Title: Walt Whitman to Sylvester Baxter, 21 July 1887
Date: July 21, 1887
Whitman Archive ID: bpl.00018
Source: The Walt Whitman Collection, Boston Public
Library. Transcribed from digital images or a microfilm reproduction of the original item. For a description of the editorial rationale behind our treatment of the correspondence, see our statement of editorial policy.
Notes for this letter were derived from Walt Whitman, The Correspondence, ed. Edwin Haviland Miller, 6 vols. (New York: New York University Press, 1961–1977), and supplemented, updated, or created by Whitman Archive staff as appropriate.
Contributors to digital file: Alex Ashland, Stefan Schöberlein, Caterina Bernardini, and Stephanie Blalock
![]() image 1 | ![]() image 2 |
Camden
P M July 21 '87
Yours has come with the $130—making 503 with the previous instalment sent by you—Loving thanks dear friend to you & all—I shall proceed immediately (from what you say) to practically suit myself & invest to the extent you speak of.

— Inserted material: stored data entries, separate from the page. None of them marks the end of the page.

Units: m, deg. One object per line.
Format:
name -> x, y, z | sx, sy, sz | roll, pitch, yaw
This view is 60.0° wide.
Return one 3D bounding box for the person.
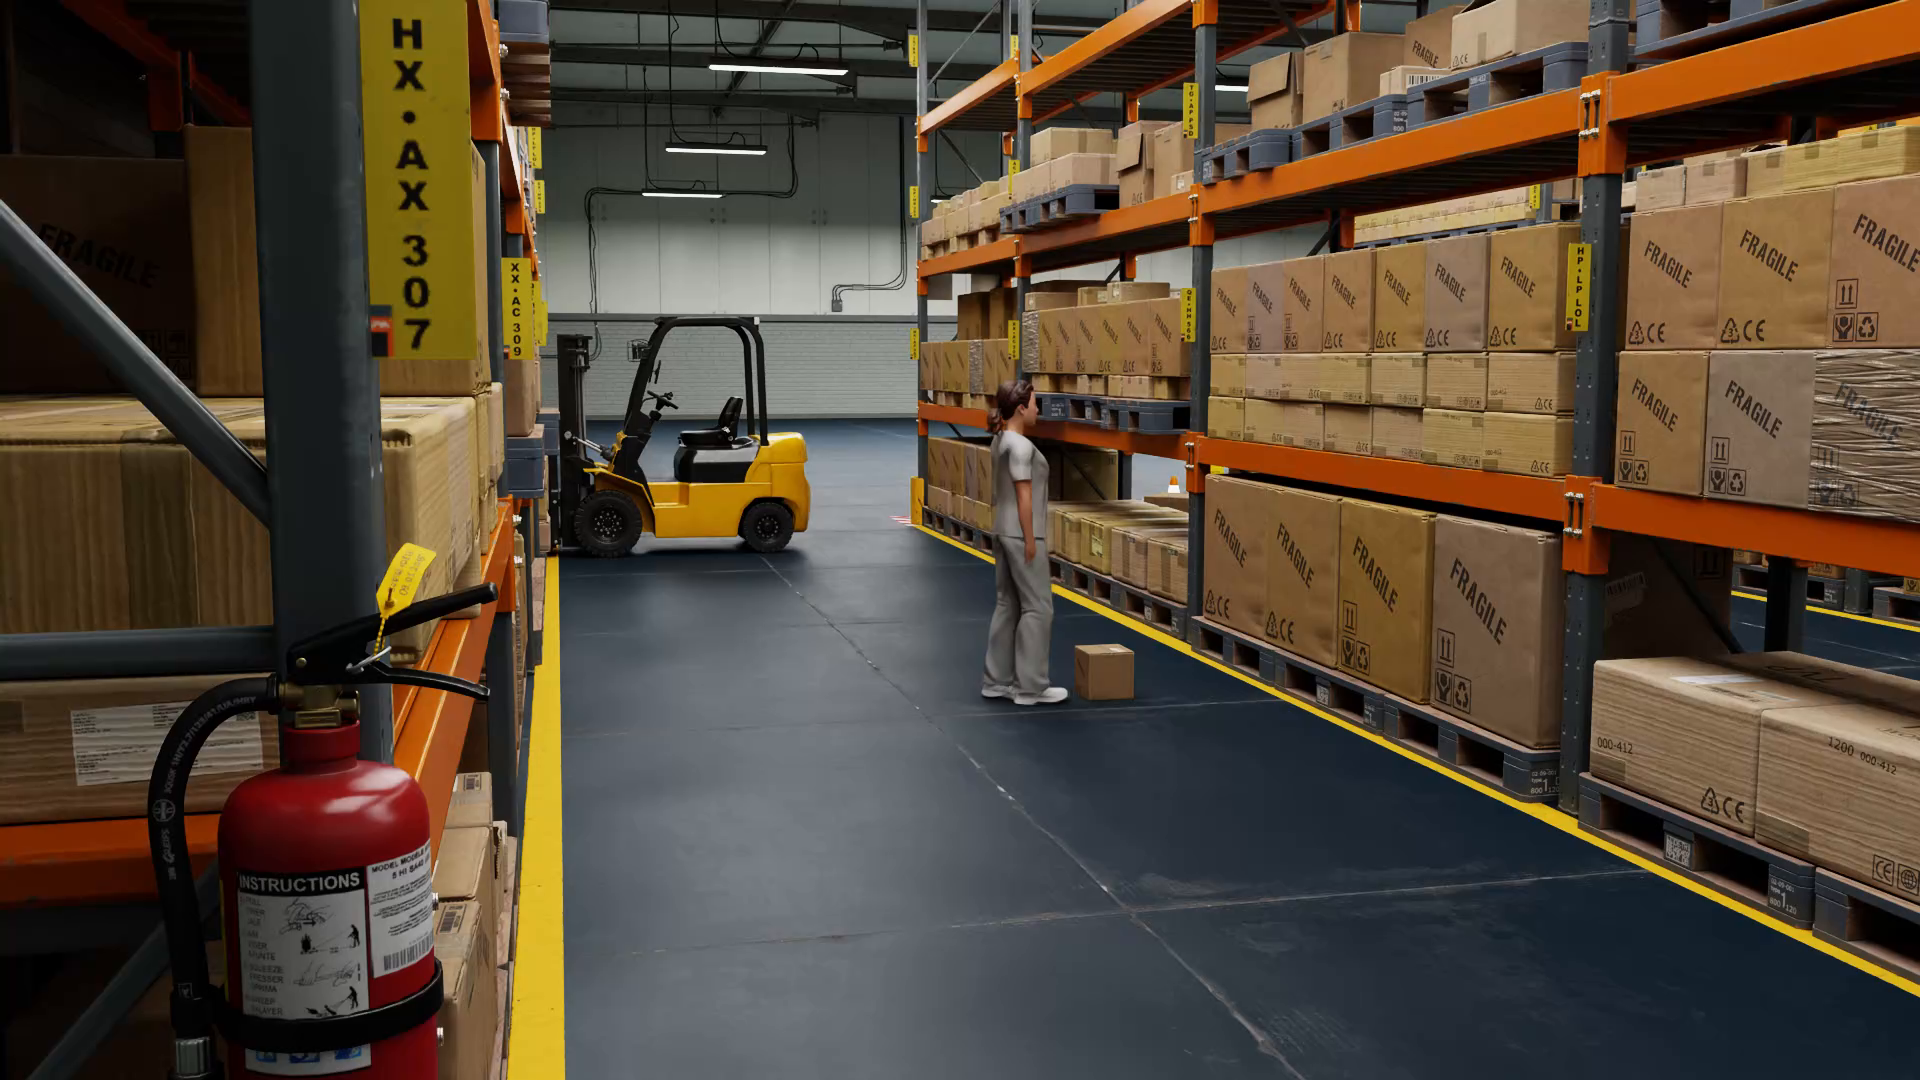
person -> 0.333, 0.010, 8.618 | 0.432, 1.676, 0.436 | -1, 6, -13

We have had a very hot (& lengthened) spell of weather—sapp'd me badly—but I have got along with it & am quite comfortable this afternoon—It is a cloudy rainy day, here—very welcome—
I spend the time very idly—sit here by the open window in great ratan arm-chair, with a big palm leaf fan & do nothing—sleep, eat and digest middling well—pretty good spirits—am alone most of the time—bodily-getting-around-power almost entirely gone—What have you to say ab't the W W "society" project?1 & ab't Ch: Hartman2?
Walt Whitman
Correspondent:
Sylvester Baxter (1850–1927)
was on the staff of the Boston Herald. Apparently he met
Whitman for the first time when the poet delivered his Lincoln address in Boston
in April, 1881; see Rufus A. Coleman, "Whitman and Trowbridge," PMLA 63 (1948), 268. Baxter wrote many newspaper columns
in praise of Whitman's writings, and in 1886 attempted to obtain a pension for
the poet. For more, see Christopher O. Griffin, "Baxter, Sylvester [1850–1927]," Walt Whitman:
An Encyclopedia, ed. J.R. LeMaster and Donald D. Kummings (New York:
Garland Publishing, 1998).
1. Baxter replied on August 2: "Oh! about Hartmann. He was altogether 'too previous' and hardly appreciated what he had undertaken. He did not know how to go to work and appointed officers of a society which had not been organized! We all had to sit down on him and the matter is in abeyance." According to Hartmann's Conversations with Walt Whitman (1895), the officers were to be Bucke as president, Kennedy as vice-president, and "Your humble servant" as director (36). For Walt Whitman's reaction, see Horace Traubel, With Walt Whitman in Camden, Wednesday, April 17, 1889. [back]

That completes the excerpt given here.